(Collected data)
* * * *

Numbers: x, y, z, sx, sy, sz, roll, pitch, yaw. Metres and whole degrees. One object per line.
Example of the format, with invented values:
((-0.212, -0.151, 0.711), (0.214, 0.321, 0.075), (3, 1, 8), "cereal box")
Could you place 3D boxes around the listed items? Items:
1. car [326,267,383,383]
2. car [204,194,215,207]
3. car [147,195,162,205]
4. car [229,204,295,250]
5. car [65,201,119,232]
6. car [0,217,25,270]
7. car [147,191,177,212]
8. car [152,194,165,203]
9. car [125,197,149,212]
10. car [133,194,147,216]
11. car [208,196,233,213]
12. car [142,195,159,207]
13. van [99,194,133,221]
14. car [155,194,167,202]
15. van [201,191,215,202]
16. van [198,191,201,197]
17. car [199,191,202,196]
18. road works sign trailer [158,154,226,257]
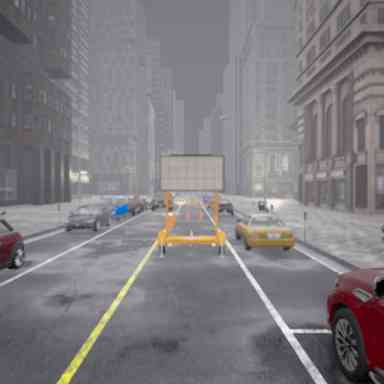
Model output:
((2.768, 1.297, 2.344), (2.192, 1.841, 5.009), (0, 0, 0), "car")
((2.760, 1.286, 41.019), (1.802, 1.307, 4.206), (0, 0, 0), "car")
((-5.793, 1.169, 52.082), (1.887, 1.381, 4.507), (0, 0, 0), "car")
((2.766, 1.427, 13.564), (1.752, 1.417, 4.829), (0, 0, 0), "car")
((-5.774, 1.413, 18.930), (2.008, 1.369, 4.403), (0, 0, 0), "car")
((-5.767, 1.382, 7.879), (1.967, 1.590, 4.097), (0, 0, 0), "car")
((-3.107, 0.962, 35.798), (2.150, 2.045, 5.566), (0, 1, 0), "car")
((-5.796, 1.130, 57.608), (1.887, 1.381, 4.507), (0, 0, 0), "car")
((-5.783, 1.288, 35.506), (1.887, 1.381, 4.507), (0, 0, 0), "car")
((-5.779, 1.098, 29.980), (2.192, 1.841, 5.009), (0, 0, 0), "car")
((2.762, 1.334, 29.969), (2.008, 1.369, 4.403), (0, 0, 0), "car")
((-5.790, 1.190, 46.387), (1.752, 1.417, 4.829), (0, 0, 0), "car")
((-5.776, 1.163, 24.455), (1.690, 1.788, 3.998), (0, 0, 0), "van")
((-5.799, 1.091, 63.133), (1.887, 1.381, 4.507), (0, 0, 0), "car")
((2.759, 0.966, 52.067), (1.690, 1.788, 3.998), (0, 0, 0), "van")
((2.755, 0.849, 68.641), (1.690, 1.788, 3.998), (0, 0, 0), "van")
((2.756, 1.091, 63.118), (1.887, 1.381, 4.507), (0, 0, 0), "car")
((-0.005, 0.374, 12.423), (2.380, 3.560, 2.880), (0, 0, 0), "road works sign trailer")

* * * *

Problem to solve:
Word for word, restate the data above from its first line down to and including the line with "18. road works sign trailer [158,154,226,257]".

Response box:
Numbers: x, y, z, sx, sy, sz, roll, pitch, yaw. Metres and whole degrees. One object per line.
Example of the format, with invented values:
((-0.212, -0.151, 0.711), (0.214, 0.321, 0.075), (3, 1, 8), "cereal box")
Could you place 3D boxes around the listed items? Items:
1. car [326,267,383,383]
2. car [204,194,215,207]
3. car [147,195,162,205]
4. car [229,204,295,250]
5. car [65,201,119,232]
6. car [0,217,25,270]
7. car [147,191,177,212]
8. car [152,194,165,203]
9. car [125,197,149,212]
10. car [133,194,147,216]
11. car [208,196,233,213]
12. car [142,195,159,207]
13. van [99,194,133,221]
14. car [155,194,167,202]
15. van [201,191,215,202]
16. van [198,191,201,197]
17. car [199,191,202,196]
18. road works sign trailer [158,154,226,257]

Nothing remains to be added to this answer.